Multi-modal AI pipeline#

💻 Run this entire tutorial on Anyscale for free: https://console.anyscale.com/template-preview/image-search-and-classification

This tutorial focuses on the fundamental challenges of multimodal AI workloads at scale:

🔋 Compute: managing heterogeneous clusters, reducing idle time, and handling complex dependencies
📈 Scale: integrating with the Python ecosystem, improving observability, and enabling effective debugging
🛡️ Reliability: ensuring fault tolerance, leveraging checkpointing, and supporting job resumability
🚀 Production: bridging dev-to-prod gaps, enabling fast iteration, maintaining zero downtime, and meeting SLAs

This tutorial covers how Ray addresses each of these challenges and shows the solutions hands-on by implementing scalable batch inference, distributed training, and online serving workloads.

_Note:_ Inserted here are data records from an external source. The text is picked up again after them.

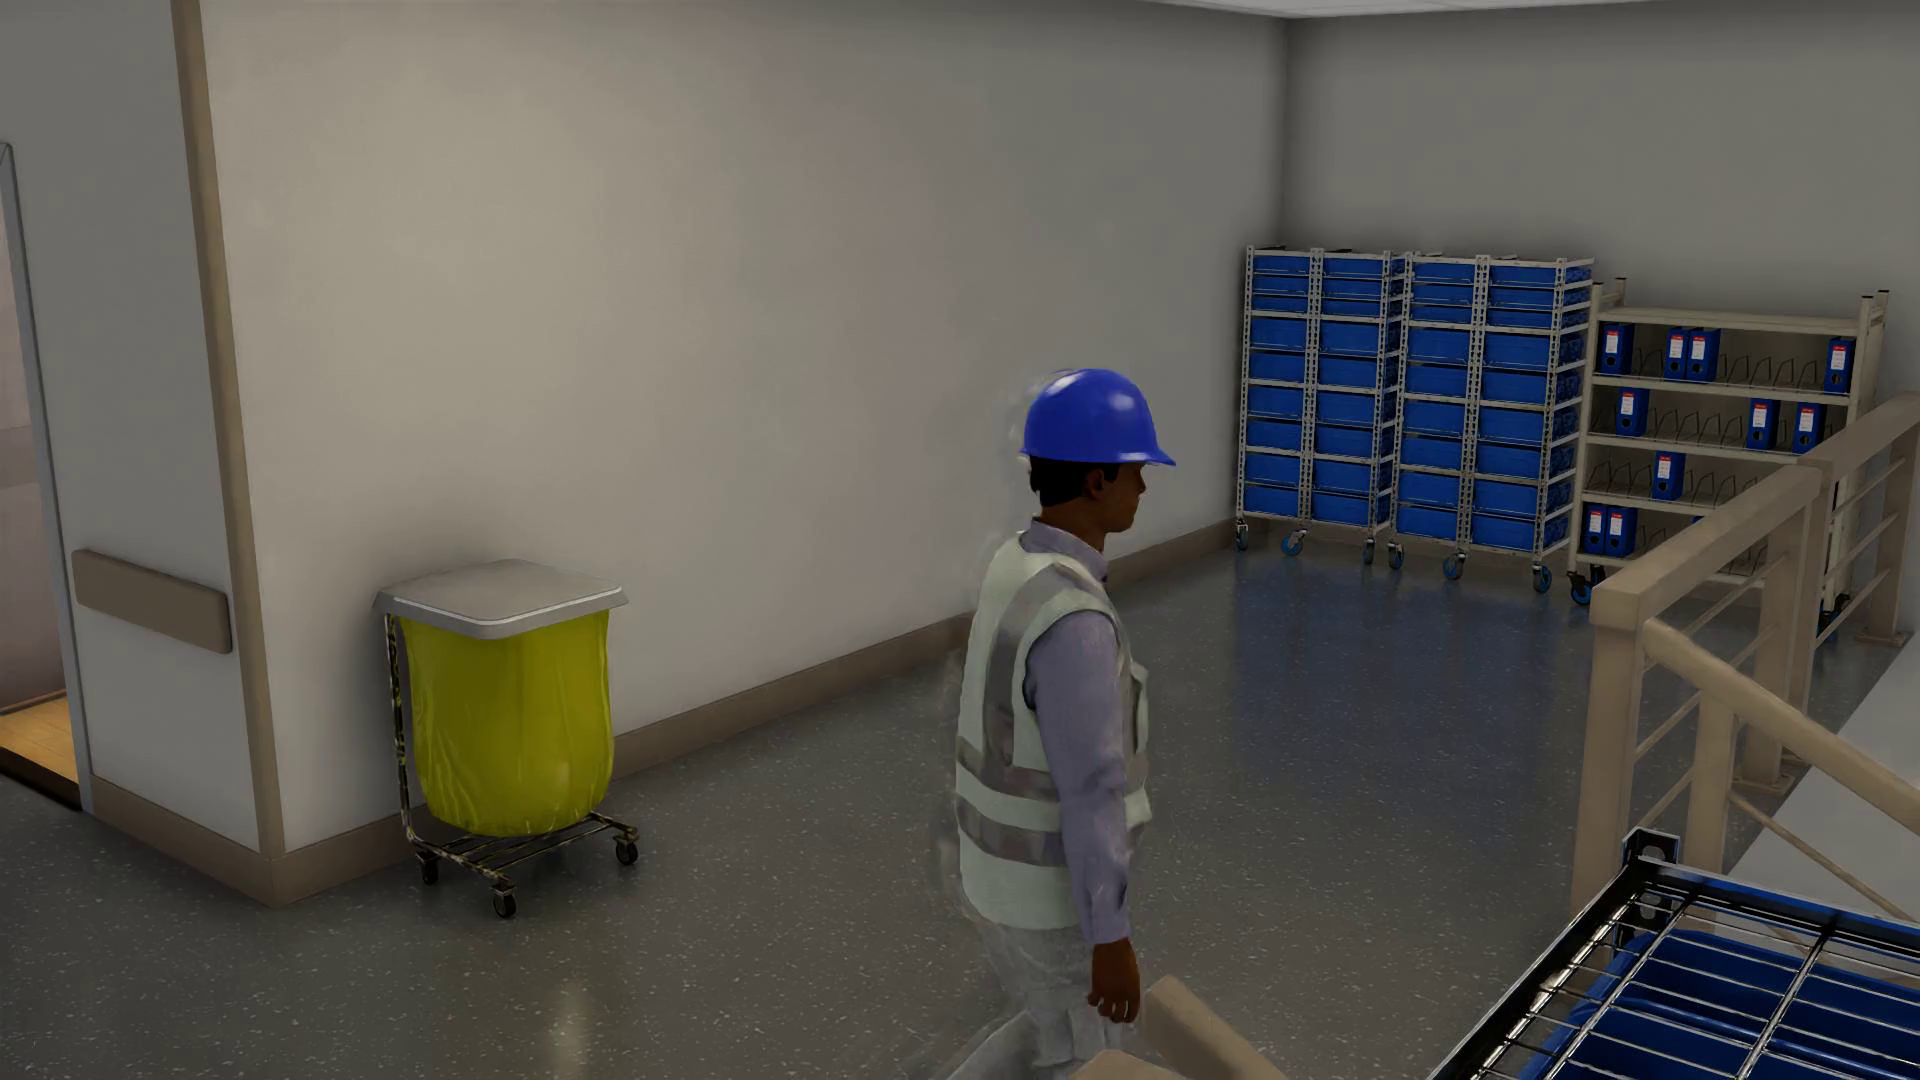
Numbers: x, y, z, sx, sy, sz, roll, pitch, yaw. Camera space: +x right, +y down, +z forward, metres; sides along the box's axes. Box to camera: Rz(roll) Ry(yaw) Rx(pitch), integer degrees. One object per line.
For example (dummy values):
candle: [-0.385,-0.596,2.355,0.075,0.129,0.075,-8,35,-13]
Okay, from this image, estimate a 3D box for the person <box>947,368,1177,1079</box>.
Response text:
person: [0.146,0.633,3.236,0.533,1.927,0.652,-1,13,-3]
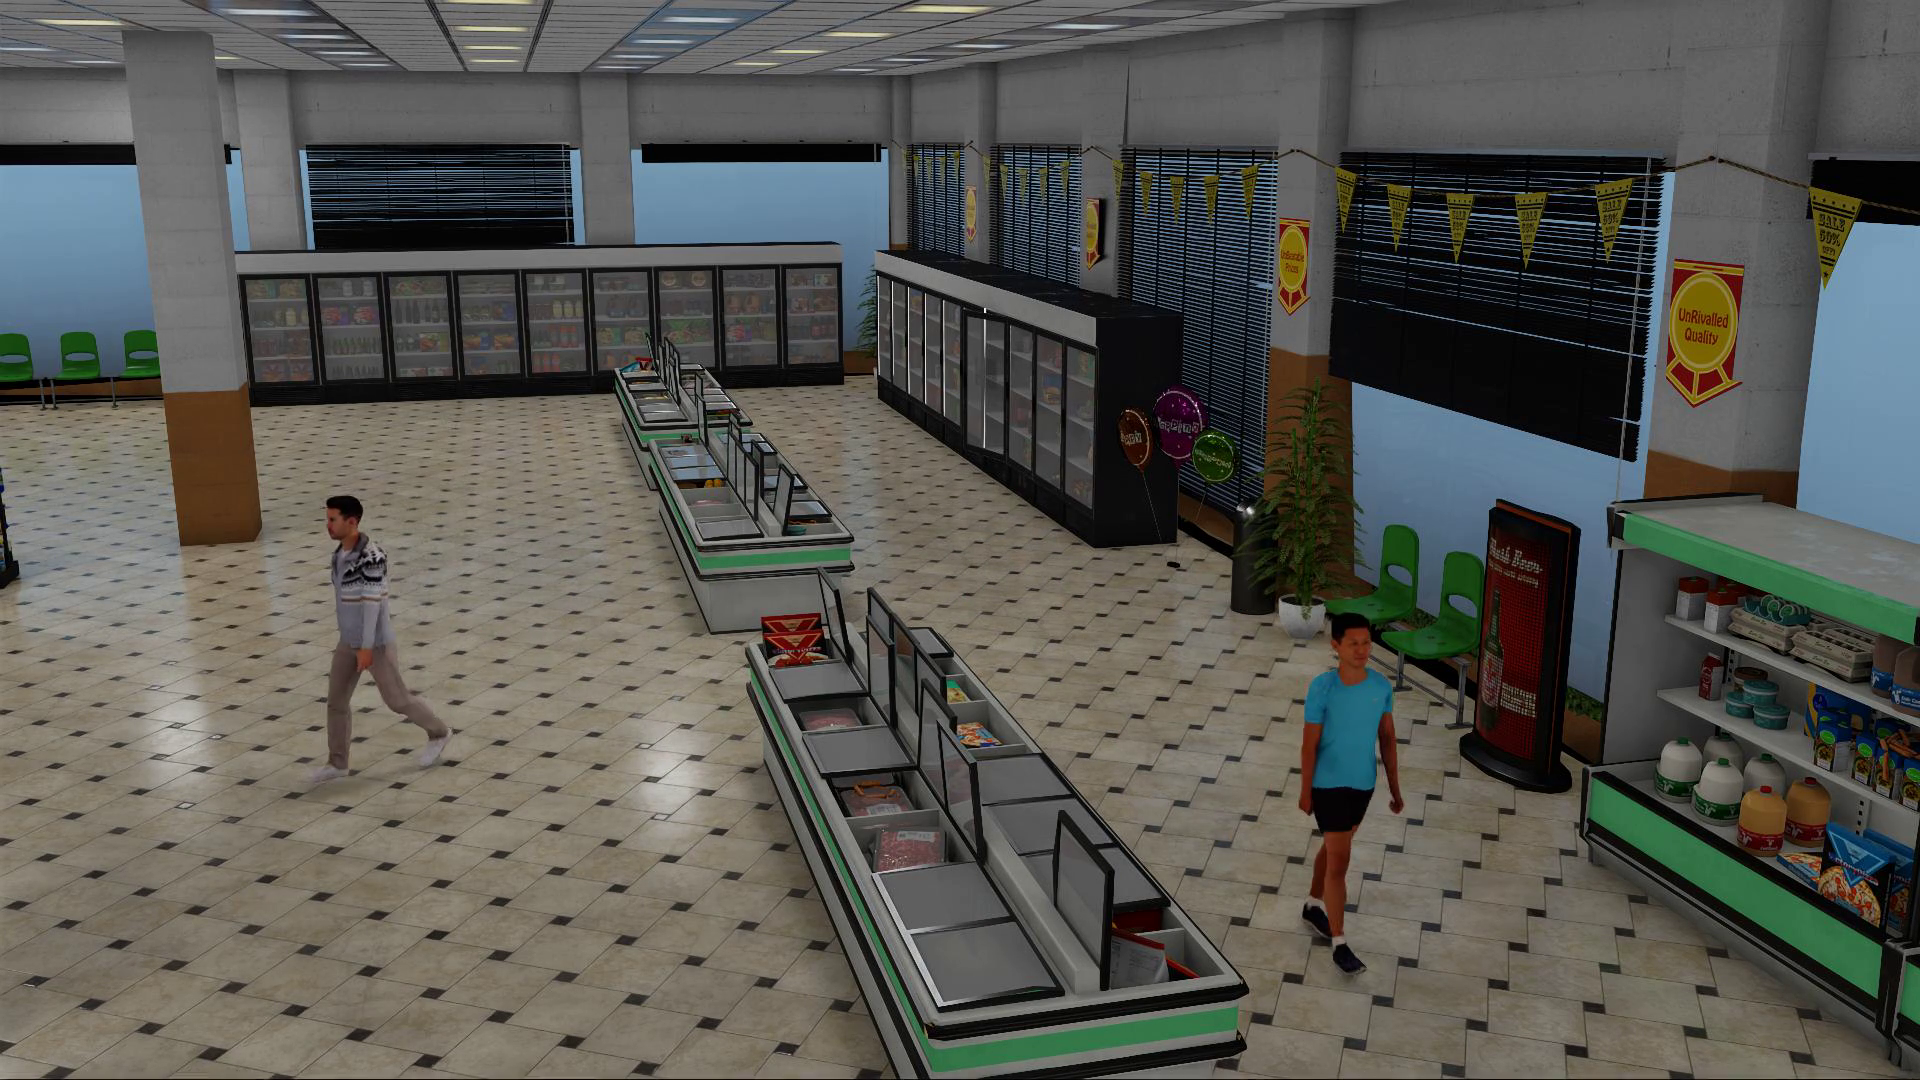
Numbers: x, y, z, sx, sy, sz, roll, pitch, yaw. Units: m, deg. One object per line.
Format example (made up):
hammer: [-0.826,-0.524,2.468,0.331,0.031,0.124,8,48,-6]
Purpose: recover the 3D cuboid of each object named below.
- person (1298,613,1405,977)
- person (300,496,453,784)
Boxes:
person: [1.866,1.199,8.325,0.677,1.753,0.979,-5,15,-21]
person: [-3.673,0.610,10.549,1.229,1.849,1.171,11,18,39]

01-Batch-Inference.ipynb: ingest and preprocess data at scale using Ray Data to generate embeddings for an image dataset of different dog breeds and store them.
02-Distributed-Training.ipynb: preprocess data to train an image classifier using Ray Train and save model artifacts to a model registry (MLOps).
03-Online-Serving.ipynb: deploy an online service using Ray Serve, that uses the trained model to generate predictions.
Create production batch Jobs for offline workloads like embedding generation, model training, etc., and production online Services that can scale.

https://raw.githubusercontent.com/anyscale/multimodal-ai/refs/heads/main/images/overview.png

Development#

The application is developed on Anyscale Workspaces, which enables development without worrying about infrastructure—just like working on a laptop. Workspaces come with:

Development tools: Spin up a remote session from your local IDE (Cursor, VS Code, etc.) and start coding, using the same tools you love but with the power of Anyscale’s compute.
Dependencies: Install dependencies using familiar tools like pip or uv. Anyscale propagates all dependencies to the cluster’s worker nodes.
Compute: Leverage any reserved instance capacity, spot instance from any compute provider of your choice by deploying Anyscale into your account. Alternatively, you can use the Anyscale cloud for a full serverless experience.
Debugging: Leverage a distributed debugger to get the same VS Code-like debugging experience.

Learn more about Anyscale Workspaces in the official documentation.

Note: Run the entire tutorial for free on Anyscale—all dependencies come pre-installed, and compute autoscales automatically. To run it elsewhere, install the dependencies from the containerfile and provision the appropriate GPU resources.

Production#

Seamlessly integrate with your existing CI/CD pipelines by leveraging the Anyscale CLI or SDK to deploy highly available services and run reliable batch jobs. Developing in an environment nearly identical to production—a multi-node cluster—drastically accelerates the dev-to-prod transition. This tutorial also introduces proprietary RayTurbo features that optimize workloads for performance, fault tolerance, scale, and observability.

No infrastructure headaches#

Abstract away infrastructure from your ML/AI developers so they can focus on their core ML development. You can additionally better manage compute resources and costs with enterprise governance and observability and admin capabilities so you can set resource quotas, set priorities for different workloads and gain observability of your utilization across your entire compute fleet. Users running on a Kubernetes cloud (EKS, GKE, etc.) can still access the proprietary RayTurbo optimizations demonstrated in this tutorial by deploying the Anyscale Kubernetes Operator.